Source information:

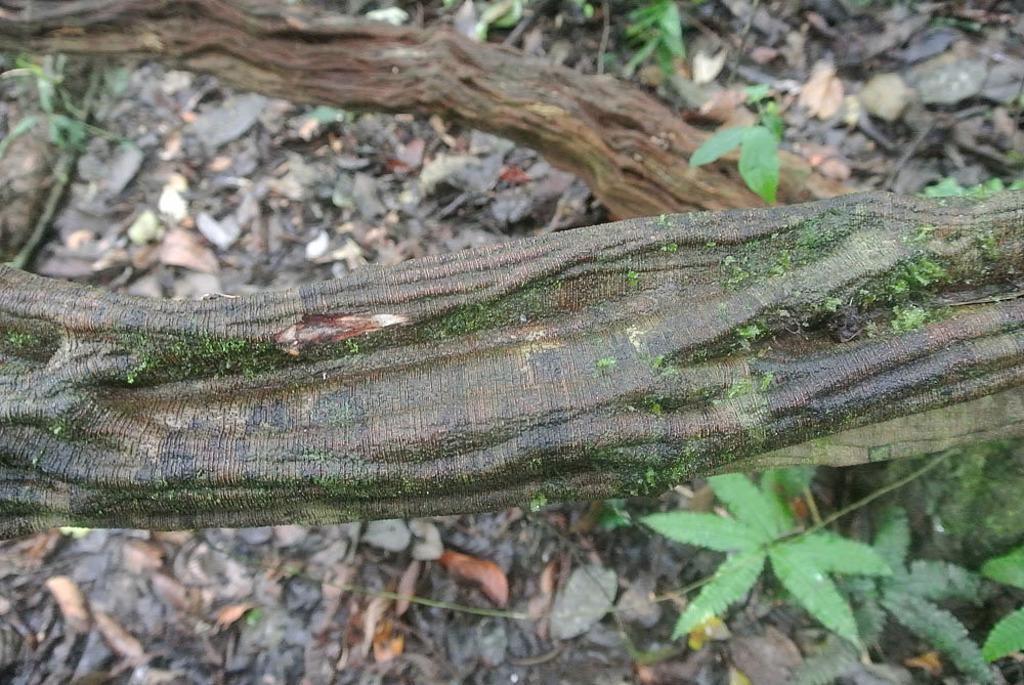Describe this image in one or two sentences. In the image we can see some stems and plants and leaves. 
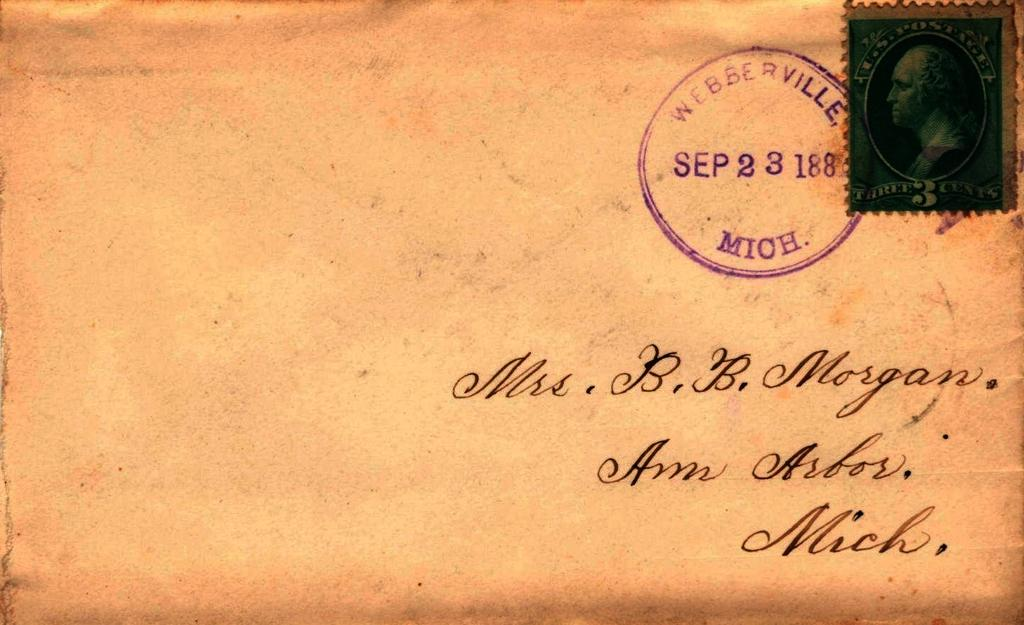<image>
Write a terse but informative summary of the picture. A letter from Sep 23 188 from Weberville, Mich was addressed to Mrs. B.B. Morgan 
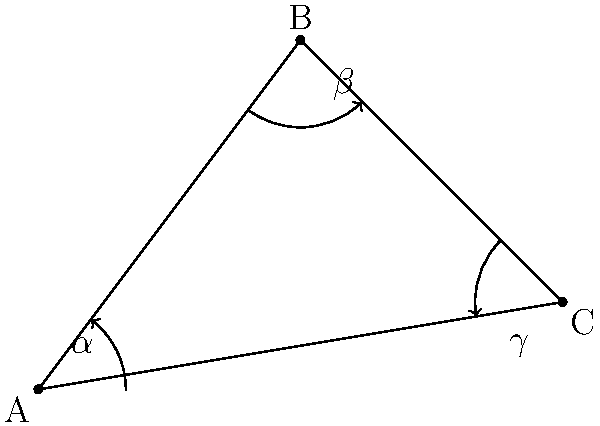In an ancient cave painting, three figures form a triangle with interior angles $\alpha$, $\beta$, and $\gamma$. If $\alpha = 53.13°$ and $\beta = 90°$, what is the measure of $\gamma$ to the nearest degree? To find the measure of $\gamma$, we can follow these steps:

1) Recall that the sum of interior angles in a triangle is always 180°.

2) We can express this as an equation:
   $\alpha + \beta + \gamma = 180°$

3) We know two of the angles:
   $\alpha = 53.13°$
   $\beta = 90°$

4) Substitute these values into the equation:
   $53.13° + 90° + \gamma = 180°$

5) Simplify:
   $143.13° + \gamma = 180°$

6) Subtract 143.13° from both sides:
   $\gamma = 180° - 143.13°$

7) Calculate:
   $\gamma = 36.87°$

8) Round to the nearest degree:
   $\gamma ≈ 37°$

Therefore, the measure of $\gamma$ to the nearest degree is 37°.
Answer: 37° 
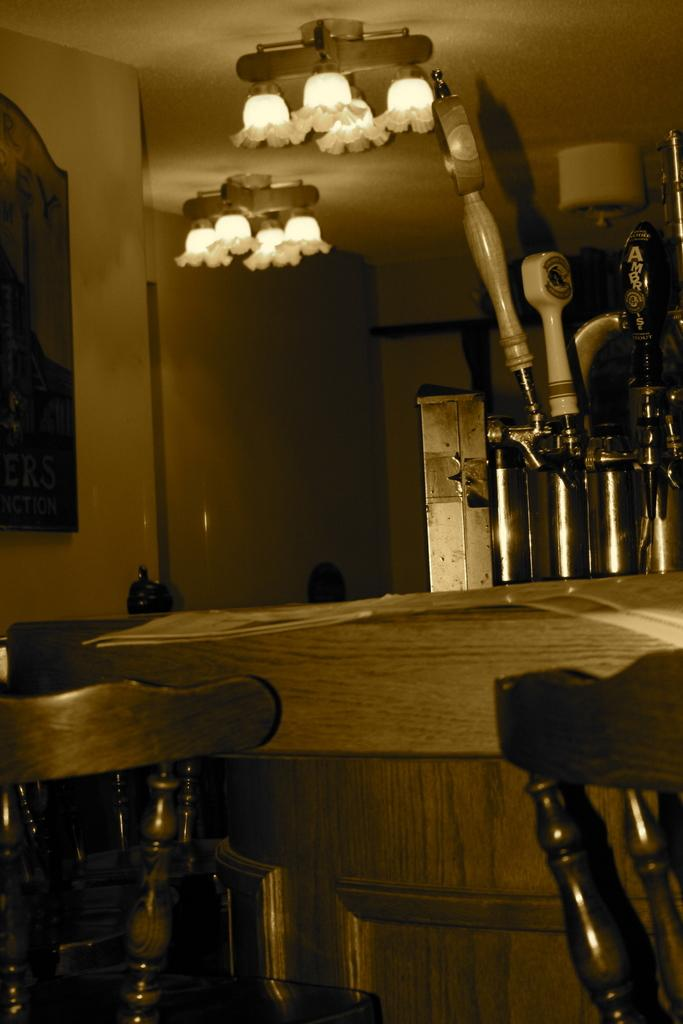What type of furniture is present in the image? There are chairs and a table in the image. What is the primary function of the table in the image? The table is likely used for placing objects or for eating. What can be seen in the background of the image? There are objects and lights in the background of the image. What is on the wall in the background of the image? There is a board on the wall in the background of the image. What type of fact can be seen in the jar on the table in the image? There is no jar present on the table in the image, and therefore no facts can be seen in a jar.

Exercise requirements:
For the word "equation", go through the records and show each line that carries it.

Task response:
2) We can express this as an equation:
4) Substitute these values into the equation:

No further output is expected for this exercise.